Do you know what a “Qualified Written Request” is? Does your institution have procedures in place to deal with these requests?
Our firm represents lenders and mortgage servicers large and small with regard to foreclosure actions, and we have recently seen a proliferation of these so-called “Qualified Written Requests” (QWR) under section 2605 of the Real Estate Settlement and Procedures Act (RESPA). In a nutshell, a QWR is a request for information from a borrower to her mortgage servicer. Sounds simple enough, right? But with QWRs, the devil is most certainly in the details. Indeed, receipt of a properly prepared QWR triggers a number of obligations on the part of the mortgage servicer which could expose the servicer to penalties should it fail to comply. This article provides a broad outline of these procedures and obligations.
RESPA defines a QWR as “a written correspondence, other than notice on a payment coupon or other payment medium supplied by the servicer, that (i) includes, or otherwise enables the servicer to identify, the name and account of the borrower; and (ii) includes a statement of the reasons for the belief of the borrower, to the extent applicable, that the account is in error or provides sufficient detail to the servicer regarding other information sought by the borrower.” 12 U.S.C. § 2605(e)(1)(B). QWRs are related to loan servicing, and are only applicable to a “federally related mortgage loan.”
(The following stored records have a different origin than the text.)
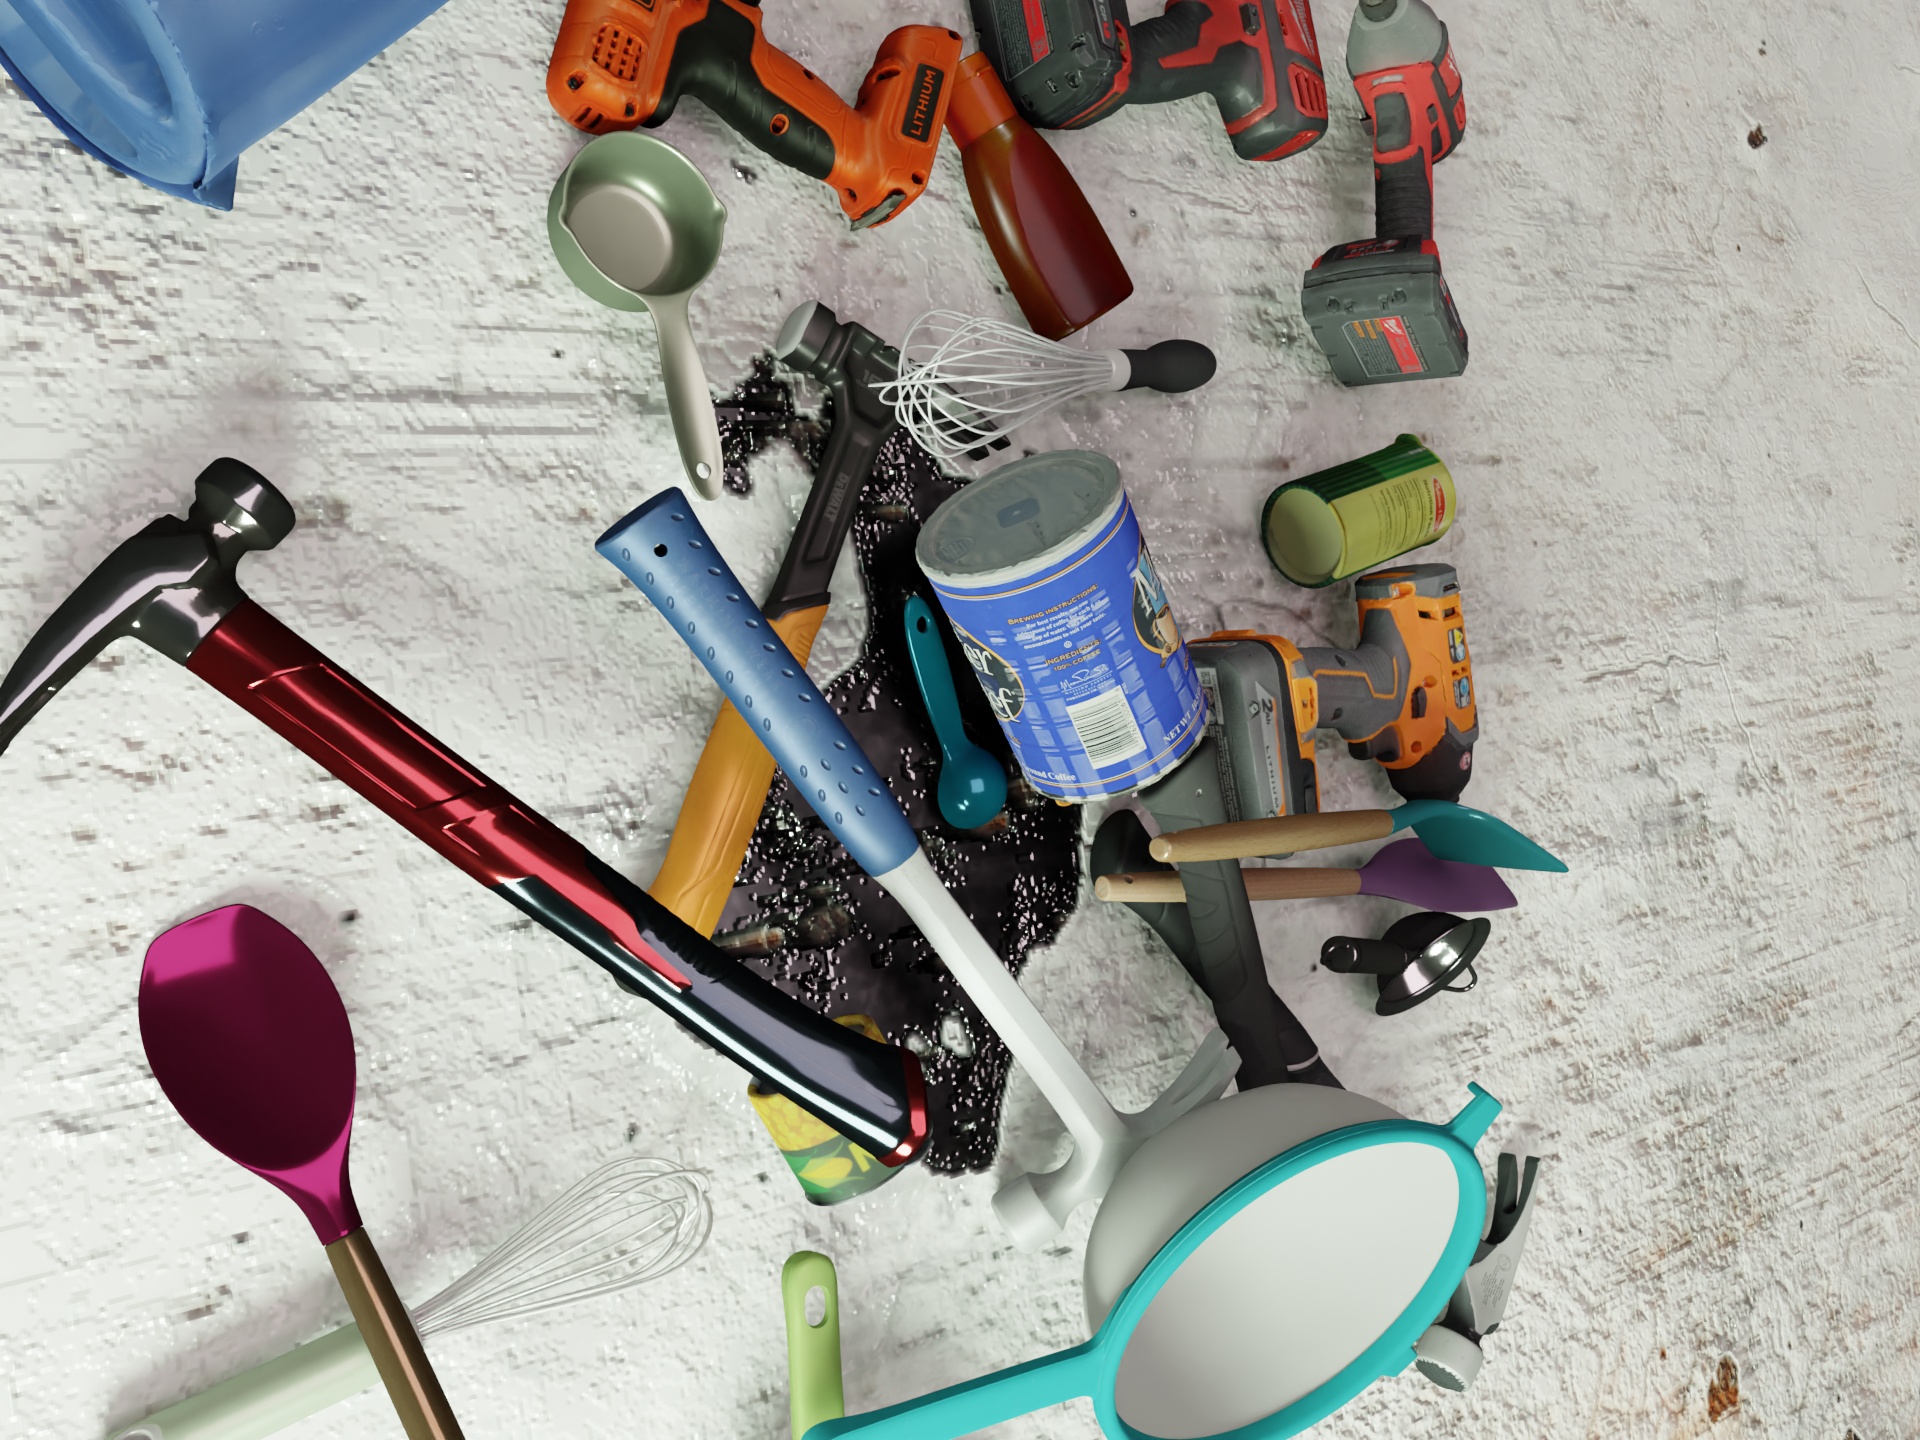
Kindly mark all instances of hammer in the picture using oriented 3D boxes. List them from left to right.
[{"bbox_3d":[-0.176,0.070,0.626,0.386,0.038,0.143,39,65,-11],"label":"hammer"},{"bbox_3d":[-0.080,-0.028,0.747,0.127,0.034,0.337,29,69,-27],"label":"hammer"},{"bbox_3d":[-0.019,0.067,0.720,0.144,0.035,0.405,-35,110,1],"label":"hammer"},{"bbox_3d":[0.158,0.167,0.829,0.146,0.035,0.334,-20,105,-15],"label":"hammer"},{"bbox_3d":[0.207,0.202,0.910,0.408,0.036,0.149,49,60,-19],"label":"hammer"}]

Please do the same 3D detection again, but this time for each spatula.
[{"bbox_3d":[0.201,0.089,0.893,0.315,0.018,0.060,2,43,-34],"label":"spatula"},{"bbox_3d":[0.203,0.065,0.816,0.317,0.082,0.044,-1,92,-43],"label":"spatula"}]

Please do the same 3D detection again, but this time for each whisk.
[{"bbox_3d":[-0.208,0.236,0.625,0.246,0.059,0.058,-19,51,-30],"label":"whisk"},{"bbox_3d":[0.056,-0.180,0.821,0.284,0.070,0.070,-18,95,-50],"label":"whisk"}]

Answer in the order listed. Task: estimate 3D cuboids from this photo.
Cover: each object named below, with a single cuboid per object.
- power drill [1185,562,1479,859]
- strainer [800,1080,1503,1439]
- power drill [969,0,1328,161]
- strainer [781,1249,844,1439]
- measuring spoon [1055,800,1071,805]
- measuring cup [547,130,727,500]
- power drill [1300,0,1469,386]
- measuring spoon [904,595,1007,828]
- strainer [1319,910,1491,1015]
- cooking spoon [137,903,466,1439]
[{"bbox_3d":[0.217,0.008,0.913,0.226,0.084,0.164,-18,101,-38],"label":"power drill"},{"bbox_3d":[0.078,0.254,0.731,0.340,0.095,0.210,-9,124,-22],"label":"strainer"},{"bbox_3d":[0.113,-0.418,0.901,0.226,0.080,0.188,-12,91,-37],"label":"power drill"},{"bbox_3d":[-0.070,0.358,0.686,0.151,0.069,0.256,0,82,-32],"label":"strainer"},{"bbox_3d":[0.084,0.003,0.869,0.117,0.011,0.021,-50,124,-24],"label":"measuring spoon"},{"bbox_3d":[-0.140,-0.179,0.725,0.083,0.038,0.167,-16,95,-34],"label":"measuring cup"},{"bbox_3d":[0.263,-0.327,0.964,0.143,0.078,0.220,31,63,-58],"label":"power drill"},{"bbox_3d":[-0.001,-0.002,0.783,0.042,0.021,0.128,-36,121,-36],"label":"measuring spoon"},{"bbox_3d":[0.244,0.131,0.894,0.050,0.087,0.258,50,16,26],"label":"strainer"},{"bbox_3d":[-0.219,0.216,0.592,0.069,0.017,0.319,-25,83,-27],"label":"cooking spoon"}]
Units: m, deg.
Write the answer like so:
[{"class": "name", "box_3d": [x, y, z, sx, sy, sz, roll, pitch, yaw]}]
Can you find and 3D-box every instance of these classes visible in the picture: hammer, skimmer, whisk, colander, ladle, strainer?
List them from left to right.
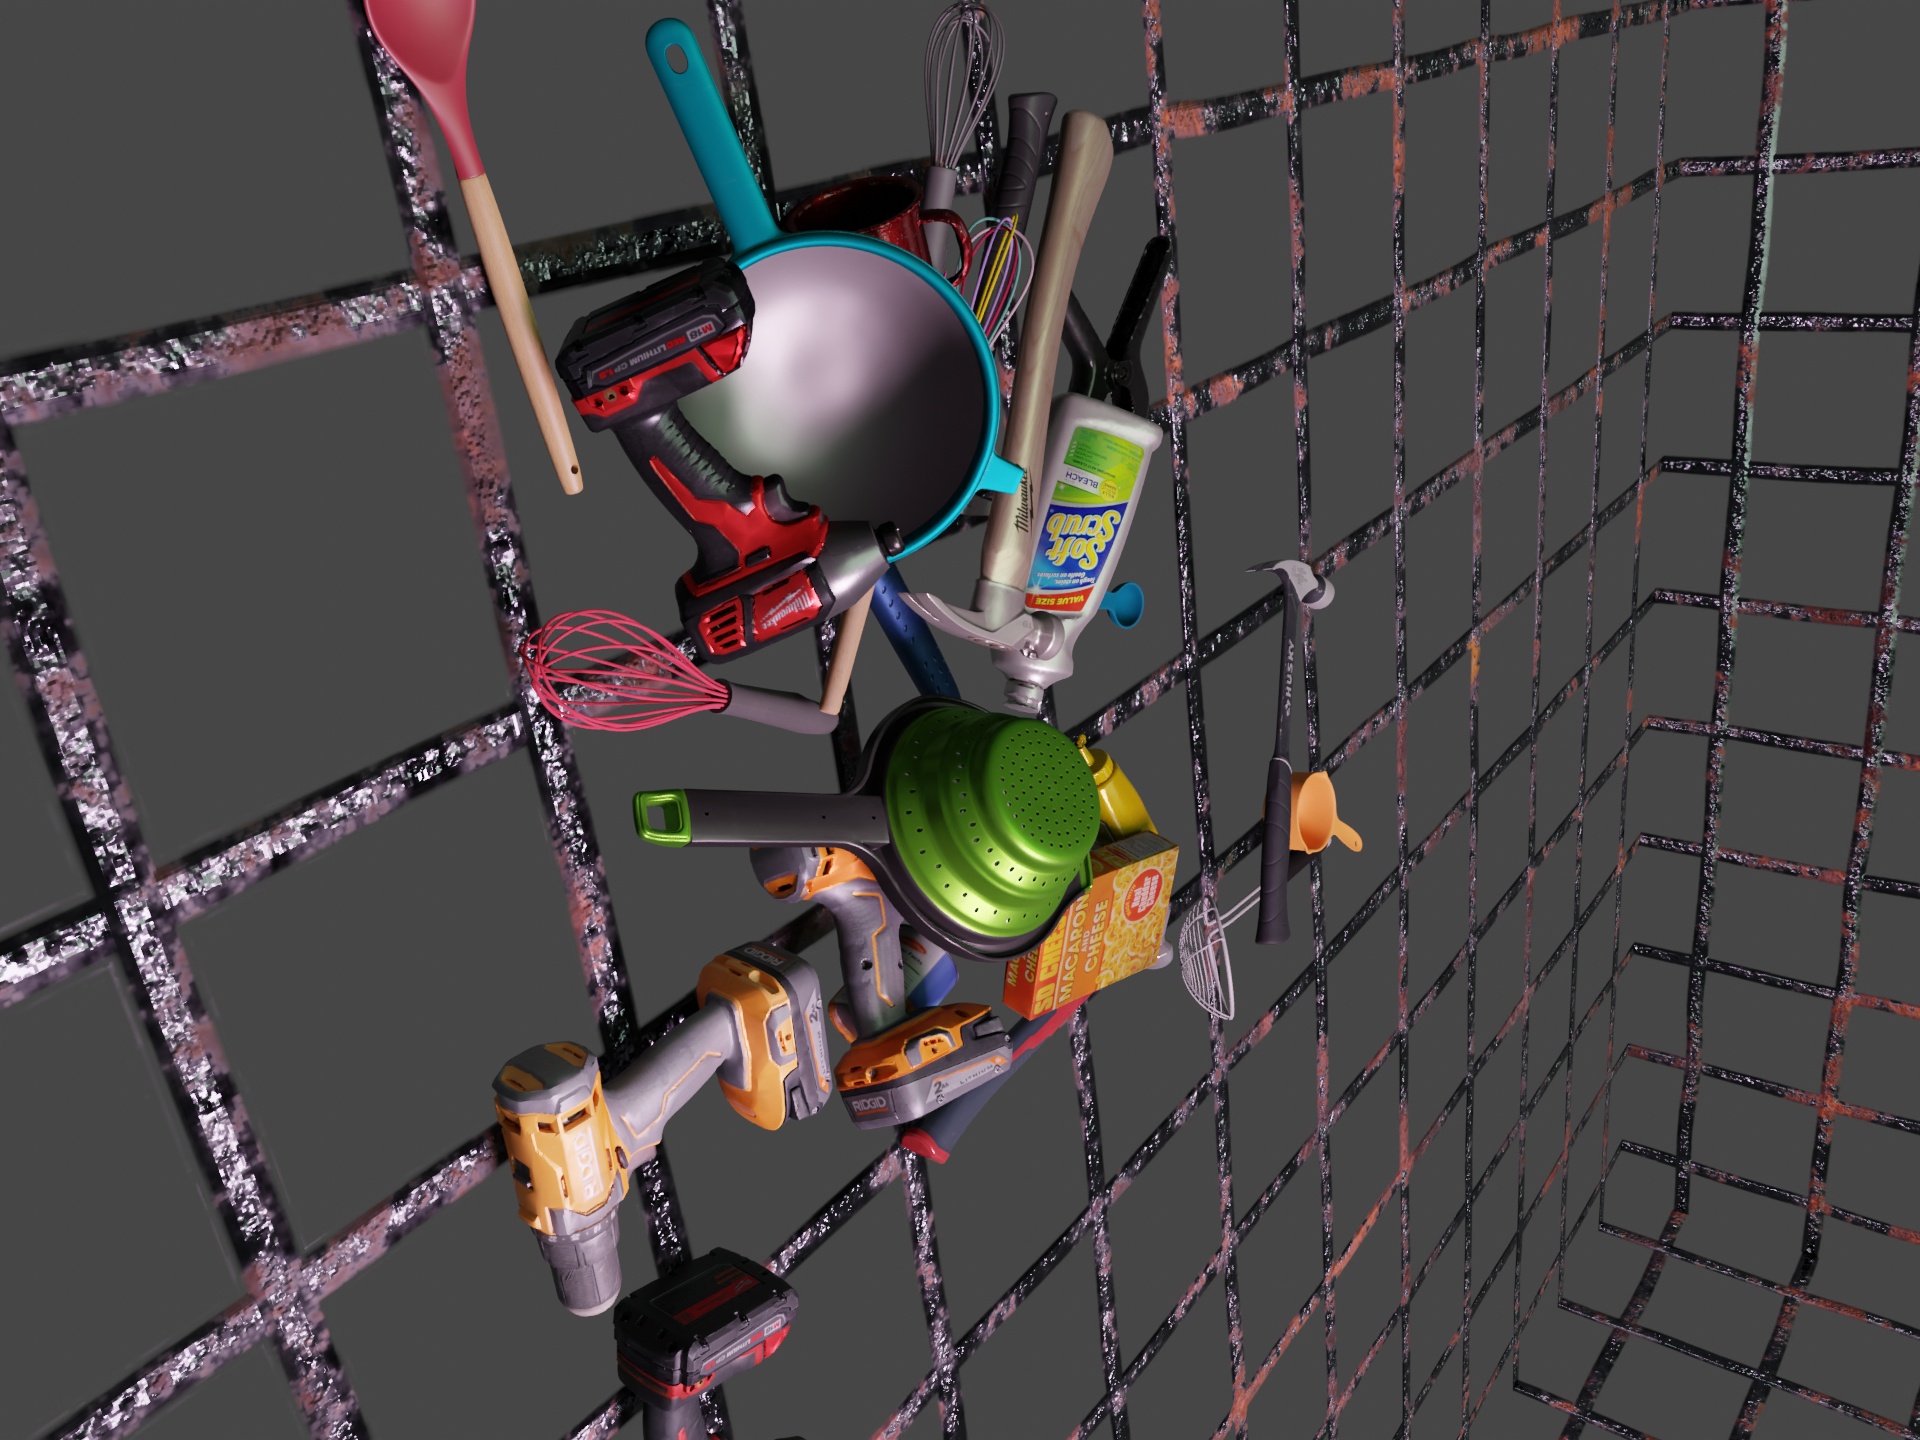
[{"class": "ladle", "box_3d": [-0.254, -0.268, 0.860, 0.069, 0.031, 0.315, -40, 131, -40]}, {"class": "whisk", "box_3d": [-0.167, -0.019, 1.016, 0.295, 0.073, 0.073, 13, 89, -59]}, {"class": "strainer", "box_3d": [-0.108, -0.260, 0.983, 0.095, 0.211, 0.340, -103, 170, -66]}, {"class": "colander", "box_3d": [-0.030, 0.058, 1.086, 0.396, 0.094, 0.205, 4, 67, -41]}, {"class": "whisk", "box_3d": [-0.011, -0.390, 1.134, 0.055, 0.055, 0.239, -1, 104, -53]}, {"class": "hammer", "box_3d": [-0.002, -0.004, 1.255, 0.144, 0.035, 0.405, -55, 137, -28]}, {"class": "whisk", "box_3d": [-0.001, -0.248, 1.121, 0.051, 0.047, 0.245, 24, 80, -37]}, {"class": "hammer", "box_3d": [0.026, -0.317, 1.206, 0.146, 0.035, 0.335, 19, 83, -57]}, {"class": "hammer", "box_3d": [0.049, -0.259, 1.182, 0.146, 0.038, 0.411, 16, 82, -44]}, {"class": "hammer", "box_3d": [0.076, 0.251, 1.424, 0.386, 0.038, 0.143, -37, 125, -42]}, {"class": "skimmer", "box_3d": [0.338, 0.198, 1.712, 0.363, 0.090, 0.127, -28, 114, -47]}, {"class": "hammer", "box_3d": [0.332, 0.028, 1.645, 0.149, 0.036, 0.409, 20, 71, -50]}]

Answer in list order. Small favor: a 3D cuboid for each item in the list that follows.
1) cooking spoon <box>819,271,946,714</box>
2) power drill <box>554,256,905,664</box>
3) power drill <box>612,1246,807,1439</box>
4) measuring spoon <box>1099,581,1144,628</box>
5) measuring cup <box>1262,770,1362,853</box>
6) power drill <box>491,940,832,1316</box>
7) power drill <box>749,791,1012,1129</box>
[{"class": "cooking spoon", "box_3d": [-0.051, -0.158, 1.098, 0.069, 0.017, 0.319, 131, -27, -82]}, {"class": "power drill", "box_3d": [-0.132, -0.149, 0.939, 0.079, 0.143, 0.219, -105, 171, -62]}, {"class": "power drill", "box_3d": [-0.170, 0.500, 1.137, 0.188, 0.080, 0.226, -11, 111, -51]}, {"class": "measuring spoon", "box_3d": [0.114, -0.109, 1.403, 0.128, 0.021, 0.042, 8, 94, -44]}, {"class": "measuring cup", "box_3d": [0.396, 0.115, 1.788, 0.173, 0.052, 0.095, 32, 68, -47]}, {"class": "power drill", "box_3d": [-0.191, 0.266, 1.044, 0.226, 0.084, 0.185, -26, 120, -42]}, {"class": "power drill", "box_3d": [-0.046, 0.158, 1.143, 0.164, 0.084, 0.226, -16, 85, -45]}]
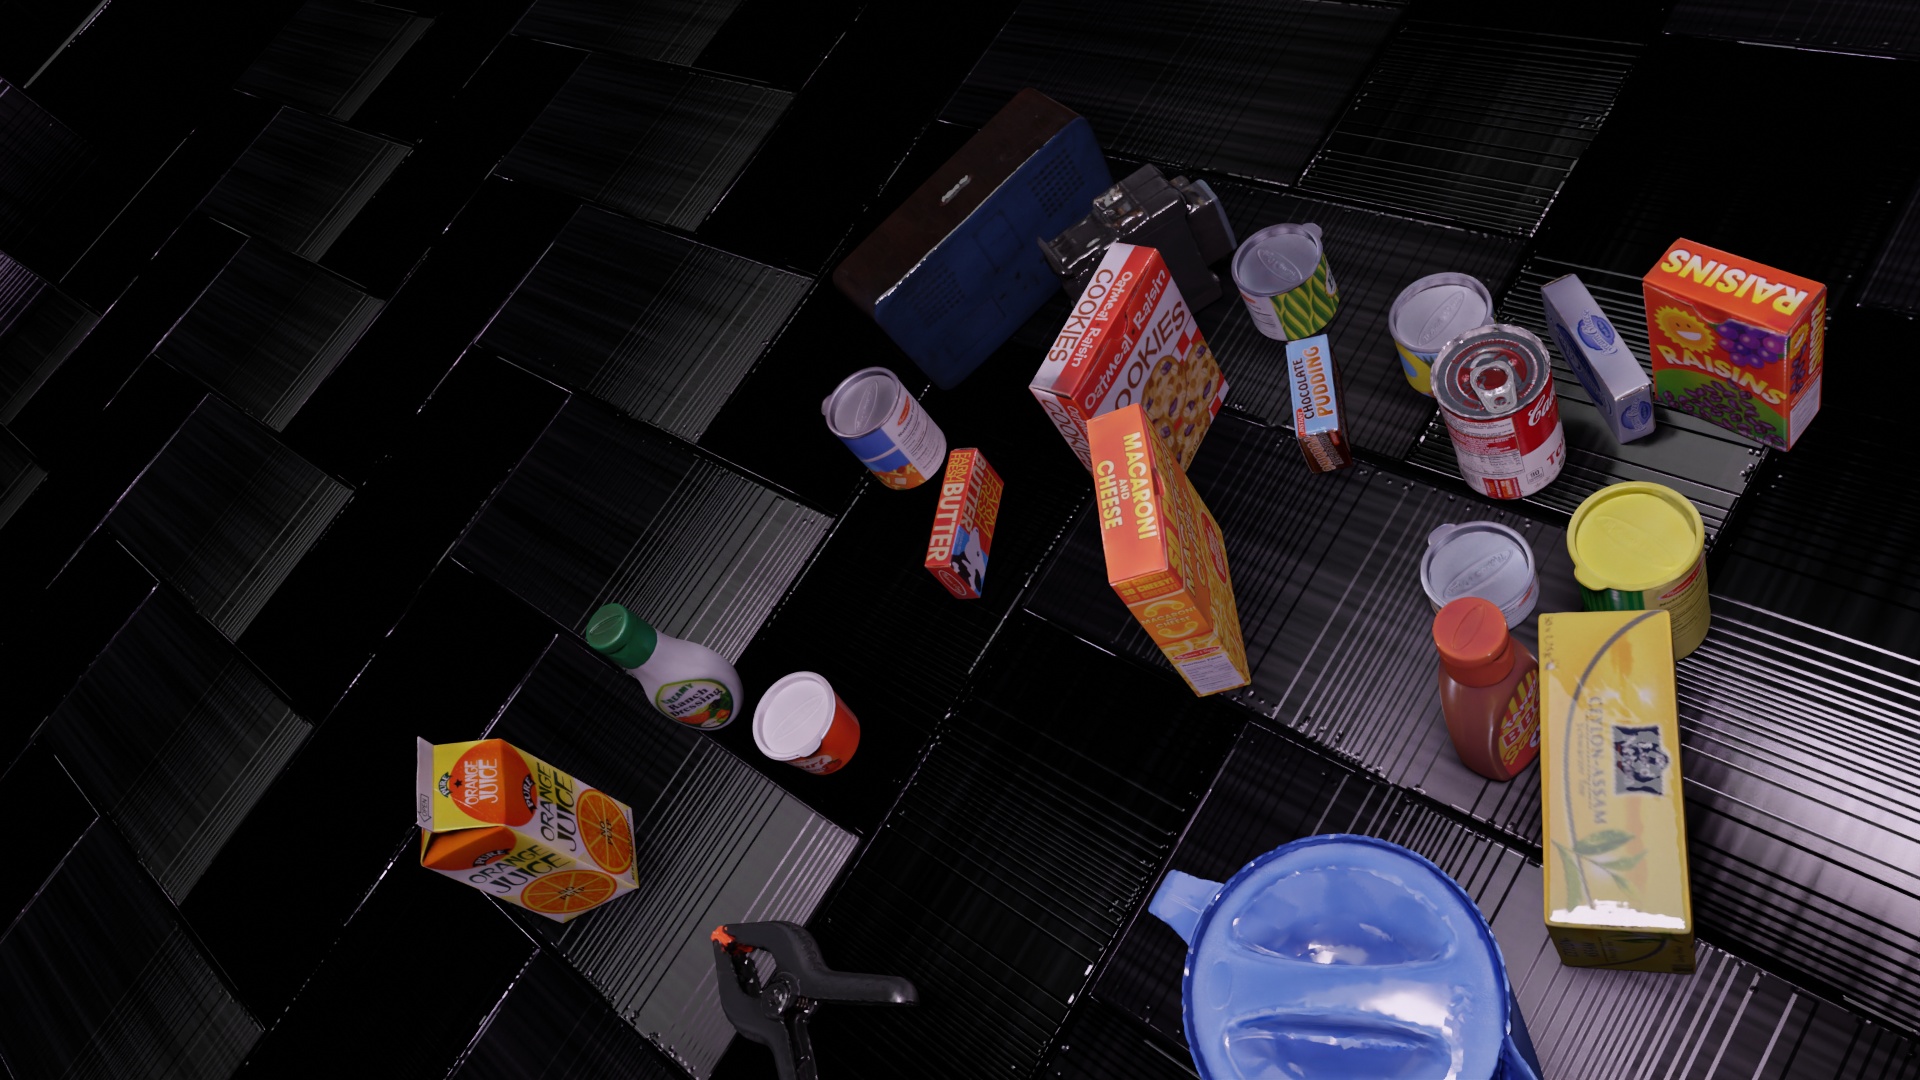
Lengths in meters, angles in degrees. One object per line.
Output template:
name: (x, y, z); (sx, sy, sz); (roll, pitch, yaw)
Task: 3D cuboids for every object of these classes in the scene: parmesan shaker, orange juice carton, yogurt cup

When a servicer receives a valid QWR, it must acknowledge receipt of the correspondence within 5 business days. 12 U.S.C. § 2605(e)(1)(A). The servicer must then respond to the QWR and provide the information and/or documents requested by the borrower not later than 30 days (excluding legal public holidays and weekends) after receiving it. In investigating and responding to the QWR, the servicer must make any appropriate corrections to the borrower’s account if it is in error, and must notify the borrower of the results of the investigation/corrections and provide the borrower with a name and contact information for a representative that can further assist the borrower and answer any questions. 12 U.S.C. § 2605(e)(2). If the servicer believes there is no error in servicing, it must likewise notify the borrower of the results of its investigation and basis for its decision, along with a name and contact information for a representative that can further assist the borrower and answer any questions. 12 U.S.C. § 2605(e)(2). The servicer must also take steps to protect the borrower’s credit rating during the QWR process by halting any credit reporting for 60 days after receipt of a QWR relating to a disputed payment. 12 U.S.C. § 2605(e)(3). Failure to comply with a valid QWR and/or protect a borrower’s credit rating during the QWR process could expose the servicer to any actual damages resulting from the lender’s non-compliance, in addition to costs and reasonable attorneys’ fees. 12 U.S.C. § 2605(f).
In theory, a QWR is a relatively simple mechanism that allows borrowers and lenders to resolve disputes over loan servicing directly without resorting to costly litigation. However, for loans in active litigation, a QWR can also be used burdensome request for documents and other materials meant to circumvent the traditional discovery process. Thus, some debtors’ counsels have taken to using the QWR procedure as a litigation tactic, going so far as advertising their ability to train clients to induce their servicers to violate these provisions.
Moreover, the Seventh Circuit Court of Appeals reads the QWR provisions of RESPA very broadly. In Catalan v. GMAC Mortg. Corp., 629 F.3d 676 (7th Cir. 2011), the Seventh Circuit reversed the grant of summary judgment to a mortgage company and found that the lender had violated RESPA in failing to respond to a borrower’s QWR during active foreclosure litigation. The lender argued that the letters it received from the borrower were not QWRs because the letters did not “identify an error in [the borrower’s] account or provide any statement of the reasons [the borrowers] believe their account was in error.” Id. at 686. Instead, the lender argued that the letters merely disputed the borrower’s debt and requested information, which it contended was insufficient to trigger a response under RESPA. The Seventh Circuit disagreed, and found among other things that:
- A QWR does not need to contain specific reasons supporting the borrower’s belief that there is an error in his/her account. Instead, it need only reasonably identify the borrower, the account and “include a statement of the reasons for the belief of the borrower, to the extent applicable, that the account is in error or provide sufficient detail to the servicer regarding other information sought by the borrower.”
- A simple letter from the borrower disputing the lender’s attempt to collect on the account and stating that the lender had “refused to process checks to alleviate any unnecessary actions or undue harm” was a sufficient statement of belief that the borrower’s account was in error; and
- A letter the lender received from the US Department of Housing and Urban Development (and not directly from the borrower) on the borrower’s behalf also constituted a QWR under the circumstances.
Id. at 687-89. Thus, at least in the Seventh Circuit, a QWR can be a powerful tool for debtors contesting residential foreclosures on the basis of alleged servicing errors. If you believe your institution has received a QWR, you should consider contacting an attorney to better understand your obligations in response and the consequences of non-compliance.